Subrogation and How It Affects Your Insurance
Subrogation is a term that's well-known in insurance and legal circles but rarely by the people they represent. If this term has come up when dealing with your insurance agent or a legal proceeding, it would be to your advantage to understand an overview of the process. The more knowledgeable you are about it, the more likely it is that relevant proceedings will work out in your favor.
Every insurance policy you own is a promise that, if something bad happens to you, the firm on the other end of the policy will make good without unreasonable delay. If a windstorm damages your home, your property insurance steps in to compensate you or pay for the repairs, subject to state property damage laws.

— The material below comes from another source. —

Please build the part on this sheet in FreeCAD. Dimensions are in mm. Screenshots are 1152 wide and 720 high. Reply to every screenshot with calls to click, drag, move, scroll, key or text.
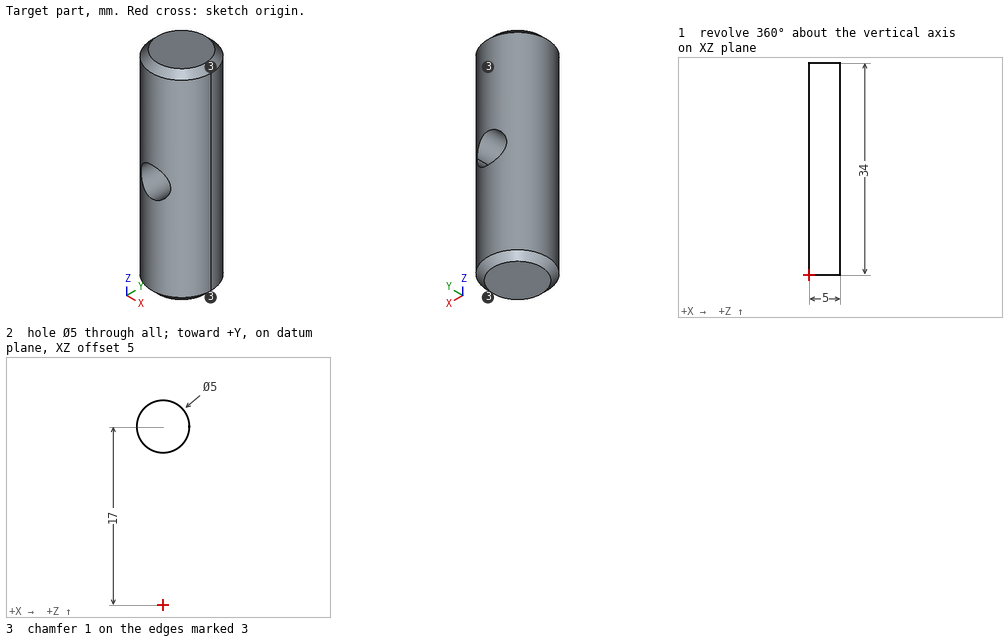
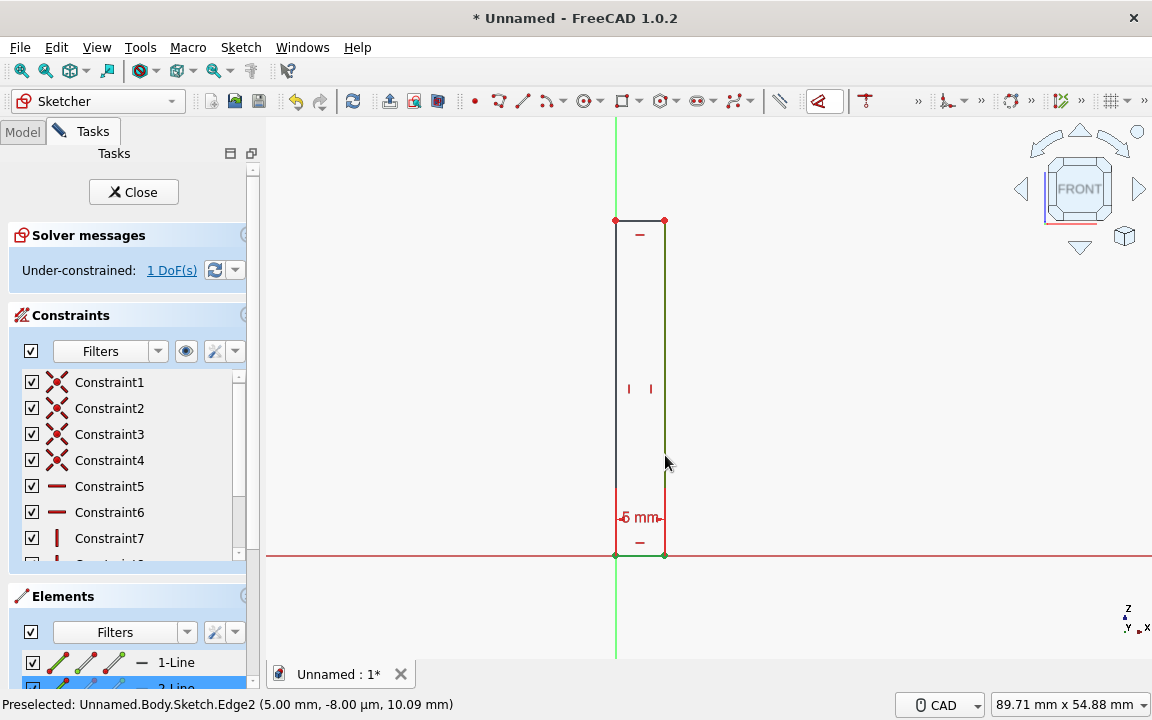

But since ascertaining who is financially accountable for services or repairs is often a heavily involved affair – and time spent waiting sometimes compounds the damage to the policyholder – insurance companies usually decide to pay up front and assign blame later. They then need a mechanism to recover the costs if, ultimately, they weren't in charge of the expense.
For Example
You are in an auto accident. Another car collided with yours. The police show up to assess the situation, you exchange insurance information, and you go on your way. You have comprehensive insurance and file a repair claim. Later it's determined that the other driver was entirely to blame and her insurance policy should have paid for the repair of your vehicle. How does your insurance company get its money back?
How Subrogation Works
This is where subrogation comes in. It is the process that an insurance company uses to claim reimbursement after it has paid for something that should have been paid by some other entity. Some insurance firms have in-house property damage lawyers and personal injury attorneys, or a department dedicated to subrogation; others contract with a law firm. Ordinarily, only you can sue for damages to your person or property. But under subrogation law, your insurer is considered to have some of your rights in exchange for having taken care of the damages. It can go after the money that was originally due to you, because it has covered the amount already.
Why Should I Care?
For starters, if you have a deductible, your insurer wasn't the only one that had to pay. In a $10,000 accident with a $1,000 deductible, you have a stake in the outcome as well – to be precise, $1,000. If your insurer is lax about bringing subrogation cases to court, it might opt to recoup its expenses by boosting your premiums. On the other hand, if it has a knowledgeable legal team and goes after those cases efficiently, it is doing you a favor as well as itself. If all $10,000 is recovered, you will get your full thousand-dollar deductible back. If it recovers half (for instance, in a case where you are found one-half responsible), you'll typically get half your deductible back, depending on the laws in your state.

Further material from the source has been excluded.